*Your assignment*:
Return all entries verbatim; skip any pictures.

*Supplied material*:
..............................

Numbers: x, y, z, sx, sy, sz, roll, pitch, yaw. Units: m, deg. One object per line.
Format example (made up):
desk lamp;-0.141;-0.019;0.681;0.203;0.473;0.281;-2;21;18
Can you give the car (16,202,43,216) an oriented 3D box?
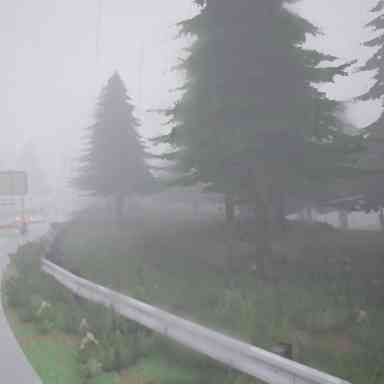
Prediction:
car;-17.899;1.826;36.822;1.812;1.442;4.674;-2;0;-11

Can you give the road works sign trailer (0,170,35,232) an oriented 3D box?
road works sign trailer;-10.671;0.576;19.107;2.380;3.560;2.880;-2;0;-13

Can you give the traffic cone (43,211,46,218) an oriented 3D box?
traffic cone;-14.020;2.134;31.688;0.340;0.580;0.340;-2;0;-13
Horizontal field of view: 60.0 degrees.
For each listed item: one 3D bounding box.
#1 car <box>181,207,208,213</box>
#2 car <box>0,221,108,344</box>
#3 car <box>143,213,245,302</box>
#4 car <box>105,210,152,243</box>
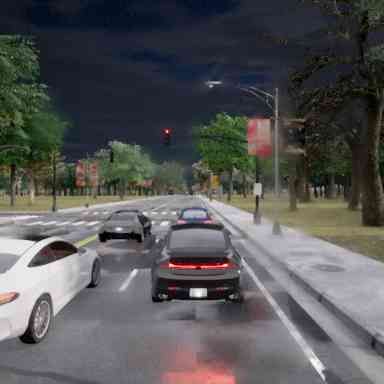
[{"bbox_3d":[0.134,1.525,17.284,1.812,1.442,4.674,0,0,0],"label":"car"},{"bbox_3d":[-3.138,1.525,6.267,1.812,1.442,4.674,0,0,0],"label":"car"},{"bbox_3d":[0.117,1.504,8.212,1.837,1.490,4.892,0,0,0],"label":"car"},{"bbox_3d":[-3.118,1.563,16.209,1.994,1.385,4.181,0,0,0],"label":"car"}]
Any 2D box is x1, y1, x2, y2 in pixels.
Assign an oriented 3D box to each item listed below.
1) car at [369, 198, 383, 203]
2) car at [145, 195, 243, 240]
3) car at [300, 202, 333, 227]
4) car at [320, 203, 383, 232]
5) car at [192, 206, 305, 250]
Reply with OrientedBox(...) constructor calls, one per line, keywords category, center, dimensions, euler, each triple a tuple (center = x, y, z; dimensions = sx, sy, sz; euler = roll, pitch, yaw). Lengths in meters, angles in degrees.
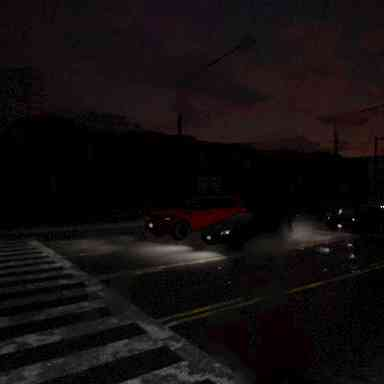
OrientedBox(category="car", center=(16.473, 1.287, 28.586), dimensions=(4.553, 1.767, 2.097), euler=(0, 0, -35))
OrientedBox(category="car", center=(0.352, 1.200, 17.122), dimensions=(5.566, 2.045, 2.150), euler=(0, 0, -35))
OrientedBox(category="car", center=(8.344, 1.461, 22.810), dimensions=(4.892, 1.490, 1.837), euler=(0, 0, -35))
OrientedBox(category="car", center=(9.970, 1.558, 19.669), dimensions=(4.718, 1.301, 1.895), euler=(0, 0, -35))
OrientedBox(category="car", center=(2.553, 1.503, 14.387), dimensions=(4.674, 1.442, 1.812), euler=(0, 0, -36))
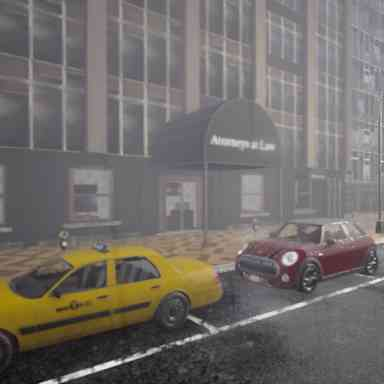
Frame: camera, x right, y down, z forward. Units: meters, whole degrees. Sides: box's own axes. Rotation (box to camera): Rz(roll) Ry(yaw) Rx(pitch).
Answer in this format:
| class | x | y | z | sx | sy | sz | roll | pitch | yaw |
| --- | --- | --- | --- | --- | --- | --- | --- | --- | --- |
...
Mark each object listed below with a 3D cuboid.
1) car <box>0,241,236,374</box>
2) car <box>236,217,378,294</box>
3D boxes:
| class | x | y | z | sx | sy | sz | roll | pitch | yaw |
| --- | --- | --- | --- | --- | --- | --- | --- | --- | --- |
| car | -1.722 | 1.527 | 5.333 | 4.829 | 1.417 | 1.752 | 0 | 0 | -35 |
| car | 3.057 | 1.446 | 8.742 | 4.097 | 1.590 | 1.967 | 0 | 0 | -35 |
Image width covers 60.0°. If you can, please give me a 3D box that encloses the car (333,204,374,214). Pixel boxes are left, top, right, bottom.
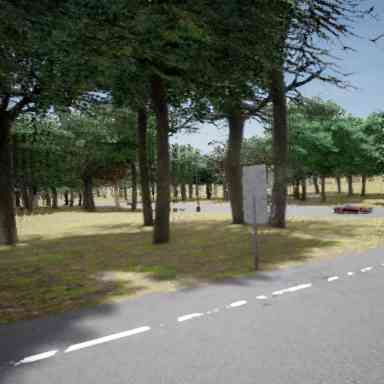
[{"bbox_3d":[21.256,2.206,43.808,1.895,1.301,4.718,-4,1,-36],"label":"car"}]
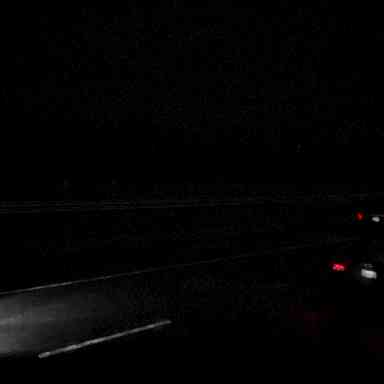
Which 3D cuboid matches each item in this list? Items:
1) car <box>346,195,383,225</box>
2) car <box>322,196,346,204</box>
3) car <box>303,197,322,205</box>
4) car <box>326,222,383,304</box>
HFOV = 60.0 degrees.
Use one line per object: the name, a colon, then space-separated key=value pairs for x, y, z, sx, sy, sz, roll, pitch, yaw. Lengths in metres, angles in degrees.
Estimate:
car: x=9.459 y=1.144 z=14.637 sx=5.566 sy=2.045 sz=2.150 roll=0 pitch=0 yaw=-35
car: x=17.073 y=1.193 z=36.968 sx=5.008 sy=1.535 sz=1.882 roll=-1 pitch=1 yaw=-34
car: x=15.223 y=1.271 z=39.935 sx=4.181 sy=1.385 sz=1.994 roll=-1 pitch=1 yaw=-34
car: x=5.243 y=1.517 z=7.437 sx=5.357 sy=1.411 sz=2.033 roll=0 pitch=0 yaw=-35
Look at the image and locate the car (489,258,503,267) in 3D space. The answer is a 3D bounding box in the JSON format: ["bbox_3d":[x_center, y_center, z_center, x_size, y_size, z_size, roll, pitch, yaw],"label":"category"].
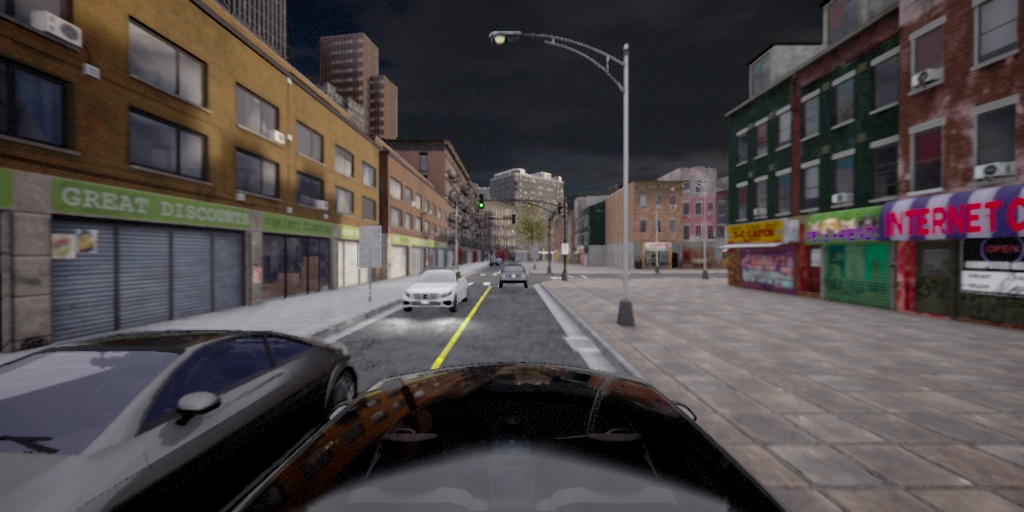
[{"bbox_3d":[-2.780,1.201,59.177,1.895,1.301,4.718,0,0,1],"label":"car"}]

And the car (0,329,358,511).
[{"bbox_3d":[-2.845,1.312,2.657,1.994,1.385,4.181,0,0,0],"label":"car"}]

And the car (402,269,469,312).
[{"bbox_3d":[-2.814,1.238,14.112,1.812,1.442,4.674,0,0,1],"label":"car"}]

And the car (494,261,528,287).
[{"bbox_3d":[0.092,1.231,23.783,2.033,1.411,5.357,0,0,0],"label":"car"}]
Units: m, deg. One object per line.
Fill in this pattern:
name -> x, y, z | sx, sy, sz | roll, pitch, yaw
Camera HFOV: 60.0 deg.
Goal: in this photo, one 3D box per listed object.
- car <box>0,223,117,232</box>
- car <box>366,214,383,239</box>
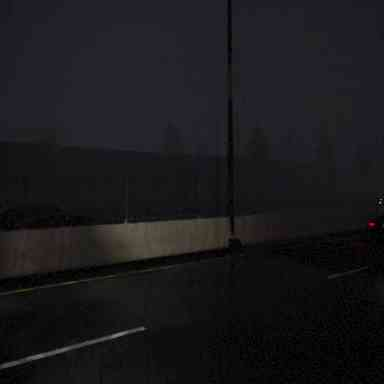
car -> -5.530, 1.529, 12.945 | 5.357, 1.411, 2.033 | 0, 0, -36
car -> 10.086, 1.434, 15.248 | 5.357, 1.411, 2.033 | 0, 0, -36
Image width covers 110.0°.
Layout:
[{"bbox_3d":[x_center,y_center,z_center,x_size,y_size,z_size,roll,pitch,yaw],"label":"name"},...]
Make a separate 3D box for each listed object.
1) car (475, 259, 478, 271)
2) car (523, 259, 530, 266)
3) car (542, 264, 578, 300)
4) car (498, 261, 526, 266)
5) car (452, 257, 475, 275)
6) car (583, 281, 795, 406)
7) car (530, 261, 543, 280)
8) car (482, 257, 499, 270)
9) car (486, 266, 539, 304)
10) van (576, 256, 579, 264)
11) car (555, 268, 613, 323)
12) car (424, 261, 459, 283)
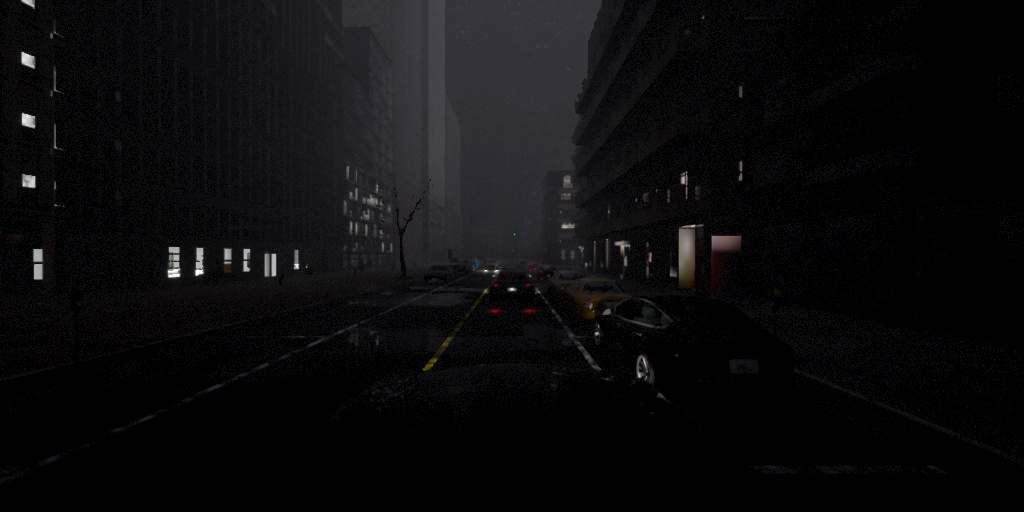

..............................

*Written response*:
Numbers: x, y, z, sx, sy, sz, roll, pitch, yaw. Units: m, deg. One object per line.
Format example (made up):
desk lamp;-0.141;-0.019;0.681;0.203;0.473;0.281;-2;21;18
Can you give the car (16,202,43,216) an oriented 3D box?
Prediction:
car;-17.899;1.826;36.822;1.812;1.442;4.674;-2;0;-11

Can you give the road works sign trailer (0,170,35,232) an oriented 3D box?
road works sign trailer;-10.671;0.576;19.107;2.380;3.560;2.880;-2;0;-13

Can you give the traffic cone (43,211,46,218) an oriented 3D box?
traffic cone;-14.020;2.134;31.688;0.340;0.580;0.340;-2;0;-13
Horizontal field of view: 60.0 degrees.
For each listed item: one 3D bounding box.
#1 car <box>181,207,208,213</box>
#2 car <box>0,221,108,344</box>
#3 car <box>143,213,245,302</box>
#4 car <box>105,210,152,243</box>
[{"bbox_3d":[0.134,1.525,17.284,1.812,1.442,4.674,0,0,0],"label":"car"},{"bbox_3d":[-3.138,1.525,6.267,1.812,1.442,4.674,0,0,0],"label":"car"},{"bbox_3d":[0.117,1.504,8.212,1.837,1.490,4.892,0,0,0],"label":"car"},{"bbox_3d":[-3.118,1.563,16.209,1.994,1.385,4.181,0,0,0],"label":"car"}]
Any 2D box is x1, y1, x2, y2 in pixels.
Assign an oriented 3D box to each item listed below.
1) car at [369, 198, 383, 203]
2) car at [145, 195, 243, 240]
3) car at [300, 202, 333, 227]
4) car at [320, 203, 383, 232]
5) car at [192, 206, 305, 250]
Reply with OrientedBox(...) constructor calls, one per line, keywords category, center, dimensions, euler, each triple a tuple (center = x, y, z; dimensions = sx, sy, sz; euler = roll, pitch, yaw). Lengths in meters, angles in degrees.
OrientedBox(category="car", center=(16.473, 1.287, 28.586), dimensions=(4.553, 1.767, 2.097), euler=(0, 0, -35))
OrientedBox(category="car", center=(0.352, 1.200, 17.122), dimensions=(5.566, 2.045, 2.150), euler=(0, 0, -35))
OrientedBox(category="car", center=(8.344, 1.461, 22.810), dimensions=(4.892, 1.490, 1.837), euler=(0, 0, -35))
OrientedBox(category="car", center=(9.970, 1.558, 19.669), dimensions=(4.718, 1.301, 1.895), euler=(0, 0, -35))
OrientedBox(category="car", center=(2.553, 1.503, 14.387), dimensions=(4.674, 1.442, 1.812), euler=(0, 0, -36))
Frame: camera, x right, y down, z forward. Units: meters, whole degrees. Sides: box's own axes. Rotation (box to camera): Rz(roll) Ry(yaw) Rx(pitch).
Answer in this format:
| class | x | y | z | sx | sy | sz | roll | pitch | yaw |
| --- | --- | --- | --- | --- | --- | --- | --- | --- | --- |
...
Mark each object listed below with a 3D cuboid.
1) car <box>0,241,236,374</box>
2) car <box>236,217,378,294</box>
3D boxes:
| class | x | y | z | sx | sy | sz | roll | pitch | yaw |
| --- | --- | --- | --- | --- | --- | --- | --- | --- | --- |
| car | -1.722 | 1.527 | 5.333 | 4.829 | 1.417 | 1.752 | 0 | 0 | -35 |
| car | 3.057 | 1.446 | 8.742 | 4.097 | 1.590 | 1.967 | 0 | 0 | -35 |
Image width covers 60.0°. If you can, please give me a 3D box that encloses the car (333,204,374,214). Pixel boxes are left, top, right, bottom.
[{"bbox_3d":[21.256,2.206,43.808,1.895,1.301,4.718,-4,1,-36],"label":"car"}]
Which 3D cuboid matches each item in this list? Items:
1) car <box>346,195,383,225</box>
2) car <box>322,196,346,204</box>
3) car <box>303,197,322,205</box>
4) car <box>326,222,383,304</box>
HFOV = 60.0 degrees.
Use one line per object: the name, a colon, then space-separated key=value pairs for x, y, z, sx, sy, sz, roll, pitch, yaw. Lengths in metres, angles in degrees.
Estimate:
car: x=9.459 y=1.144 z=14.637 sx=5.566 sy=2.045 sz=2.150 roll=0 pitch=0 yaw=-35
car: x=17.073 y=1.193 z=36.968 sx=5.008 sy=1.535 sz=1.882 roll=-1 pitch=1 yaw=-34
car: x=15.223 y=1.271 z=39.935 sx=4.181 sy=1.385 sz=1.994 roll=-1 pitch=1 yaw=-34
car: x=5.243 y=1.517 z=7.437 sx=5.357 sy=1.411 sz=2.033 roll=0 pitch=0 yaw=-35
Look at the image and locate the car (489,258,503,267) in 3D space. The answer is a 3D bounding box in the JSON format: ["bbox_3d":[x_center, y_center, z_center, x_size, y_size, z_size, roll, pitch, yaw],"label":"category"].
[{"bbox_3d":[-2.780,1.201,59.177,1.895,1.301,4.718,0,0,1],"label":"car"}]

And the car (0,329,358,511).
[{"bbox_3d":[-2.845,1.312,2.657,1.994,1.385,4.181,0,0,0],"label":"car"}]

And the car (402,269,469,312).
[{"bbox_3d":[-2.814,1.238,14.112,1.812,1.442,4.674,0,0,1],"label":"car"}]

And the car (494,261,528,287).
[{"bbox_3d":[0.092,1.231,23.783,2.033,1.411,5.357,0,0,0],"label":"car"}]
Units: m, deg. One object per line.
Fill in this pattern:
name -> x, y, z | sx, sy, sz | roll, pitch, yaw
Camera HFOV: 60.0 deg.
Goal: in this photo, one 3D box per listed object.
- car <box>0,223,117,232</box>
- car <box>366,214,383,239</box>
car -> -5.530, 1.529, 12.945 | 5.357, 1.411, 2.033 | 0, 0, -36
car -> 10.086, 1.434, 15.248 | 5.357, 1.411, 2.033 | 0, 0, -36
Image width covers 110.0°.
Layout:
[{"bbox_3d":[x_center,y_center,z_center,x_size,y_size,z_size,roll,pitch,yaw],"label":"name"},...]
Make a separate 3D box for each listed object.
1) car (475, 259, 478, 271)
2) car (523, 259, 530, 266)
3) car (542, 264, 578, 300)
4) car (498, 261, 526, 266)
5) car (452, 257, 475, 275)
6) car (583, 281, 795, 406)
7) car (530, 261, 543, 280)
8) car (482, 257, 499, 270)
9) car (486, 266, 539, 304)
10) van (576, 256, 579, 264)
11) car (555, 268, 613, 323)
12) car (424, 261, 459, 283)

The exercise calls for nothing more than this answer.